In marshalled order set by Lucifer, who left his station last
Normblog reviews Michael Ignatieff's book on the moral problems of fighting terrorism. He also examines Conor Gearty's objection to Ignatieff's thesis. Ignatieff's reasoning is very close to my own: that maintaining morality, such as banning torture, comes at a price -- a price we should be willing to pay, up to a point. Gearty differs with Ignatieff, arguing that if human rights are held less than absolute or if the concepts of right or wrong are admitted into the debate then we are down the slippery slope to torture in some form.
The moment the human rights discourse moves in this way into the realm of good and evil is the moment when it has fatally compromised its integrity. For once these grand terms are deployed in the discussion, all bets are off as far as equality of esteem is concerned. If we are good and they are bad, then of course equality of esteem as between all of us is ludicrous. Why esteem the evildoer in the same way as he or she who does good?
Only humanitarian standards can be absolute standards and Gearty warns us not to seek other gods at our peril. Norm Geras is not persuaded by Gearty's argument, nor am I. One paragraph of Gearty's in particular is worth noting.
International humanitarian and human rights law represents the apogee of this civilizing trend in global affairs, with rules of decent conduct that took their colour from the fact of our shared humanity rather than the superiority of our particular cause being agreed and promulgated. Now, thanks primarily to the Rumsfeldians but also to the willingness of important liberals like Ignatieff to embrace the language, we are back in a pre-rule phase where, in effect, despite the liberals’ best hopes, anything goes.
Actually anything goes anyway despite international humanitarian law in much of the wide world. As a practical matter, anyone in trouble in the Third World would be ill-advised to mention Amnesty International or the European Union when under police interrogation unless he wants to be beaten more savagely. A bribe, hiring a good local lawyer, or some other manuever will work better in 999 cases out of thousand. The number of people helped by international humanitarian institutions in comparison to the number of victims is miniscule. That, sad to say, is not because the international humanitarians aren't well meaning, but because backsliding into the "pre-rule phase" can't be prevented when one is unwilling to enforce the rules. It's doubtful whether one can enforce humanitarian law entirely through humanitarian means. And if it is impossible to coerce human monsters into behaving; if it is impermissible to fight for humanitarian rules in principle, then activists must do the next best thing and focus on raising standards in societies where appeals to shame and morality have some force, in places for example, like the United States, the UK and Australia. Humanitarian law works where law is obeyed, like the electric shaver that works where there is electricity. And that's why Gearty can scathingly use the word Rumsfeldian in a vocabulary that will forever be bereft of 'Saddamian', 'Castrovian' or 'Mugabian'.

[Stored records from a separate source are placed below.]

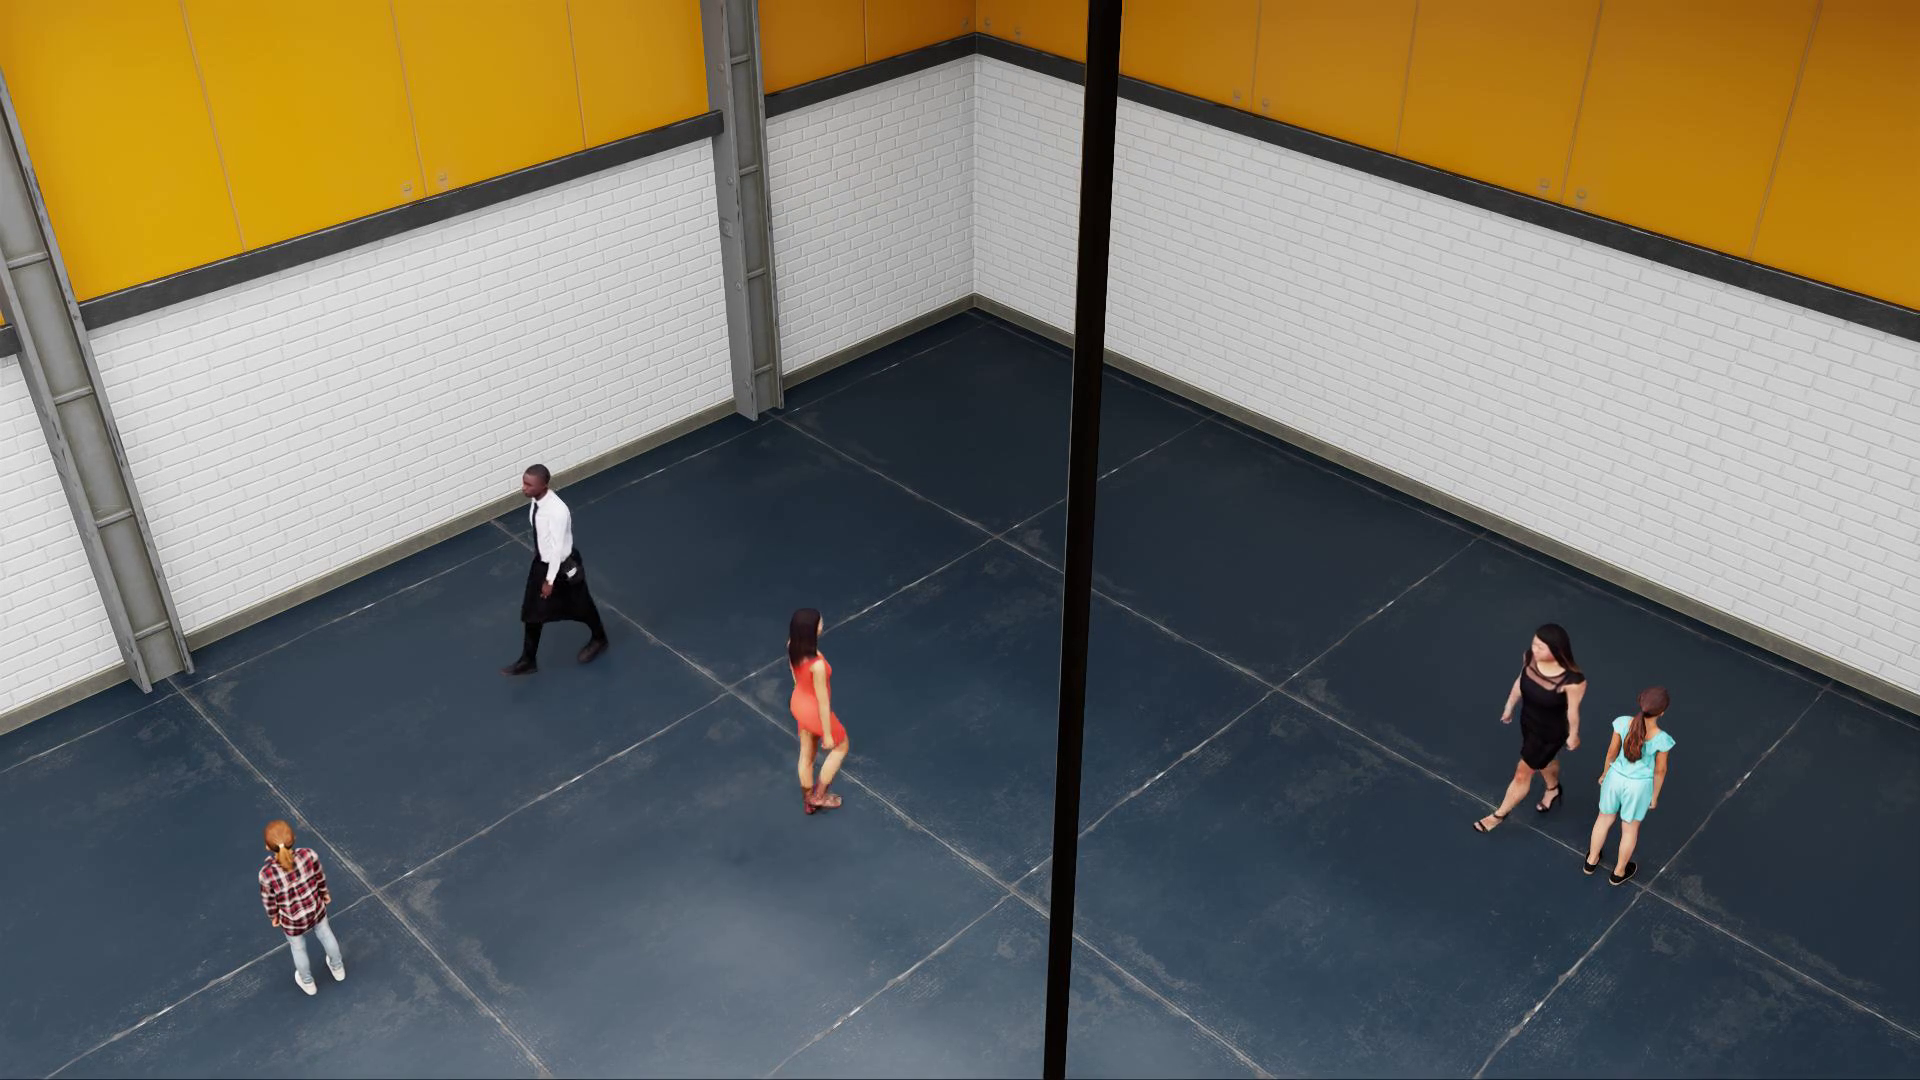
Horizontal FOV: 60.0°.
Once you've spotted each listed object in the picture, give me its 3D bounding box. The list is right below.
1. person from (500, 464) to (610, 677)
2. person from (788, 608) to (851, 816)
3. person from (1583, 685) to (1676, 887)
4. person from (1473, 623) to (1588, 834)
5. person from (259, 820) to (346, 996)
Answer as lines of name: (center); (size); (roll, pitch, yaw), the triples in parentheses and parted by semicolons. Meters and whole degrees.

But it is in parts of the world where few rules apply that justice is needed most. There other steps must be taken. In 1997, a notorious pedophile named Robert "Dolly" Dunn was tracked down by an Australian 60 Minutes team in Honduras, where he had fled after eluding law enforcement in several countries "wanted since 1995 on nearly 100 sexual assault and drug charges". Without any legal authority to arrest Dunn, the Australian 60 Minutes team made a backdoor deal with local US DEA agents, who knew their way around enough to get Dunn deported as an "undesirable person" on a flight routed through Miami where, after the necessary due process, Australian law enforcement took him back to face the music.
Yet maneuvers of this kind work only when we are willing to reinstate the notions of 'good and evil' that Gearty finds so distasteful. Without the concepts of good and evil there are ultimately no guidelines on the use of force; and a world of rules cannot exist unless the rules can, in the first place, be imposed by force. But we are through the revolving door again.
Any effective campaign to outlaw torture must first of all begin by telling the public that innocent lives will be lost and suffering endured so that we can safeguard our souls; that for this we are willing to pay a price. It cannot begin by falsely promising the public that we can have our cake and eat it too. What Ignatieff understands is that there is no escape from moral choice, even if we wanted it. In Eve Garrard's summary:
So his (Ignatieff's) view is that in responding to the threat of terrorism, we shouldn't go all out to increase public security at the cost of abandoning our support for human rights, but neither should we treat human rights as totally inviolable if doing so exposes us to a greatly increased threat to our security. He thinks we should engage in something like moral trade-offs, allowing some strengthening of security at the expense of respect for rights, but also insisting that we have to accept some insecurity - maybe even some lives lost - in order to preserve core aspects of our democratic rights.
Update and correction
Norm Geras writes to say that the Normblog post quoted above was actually written by Eve Garrard, though it appears on his site. My mistake and I apologize. I've corrected it in the text above.
There's a bug in Blogger just now (15:00 PST) which keeps people from posting comments. The word verification code is stuck on "smenita". Will write Blogger to report the fault.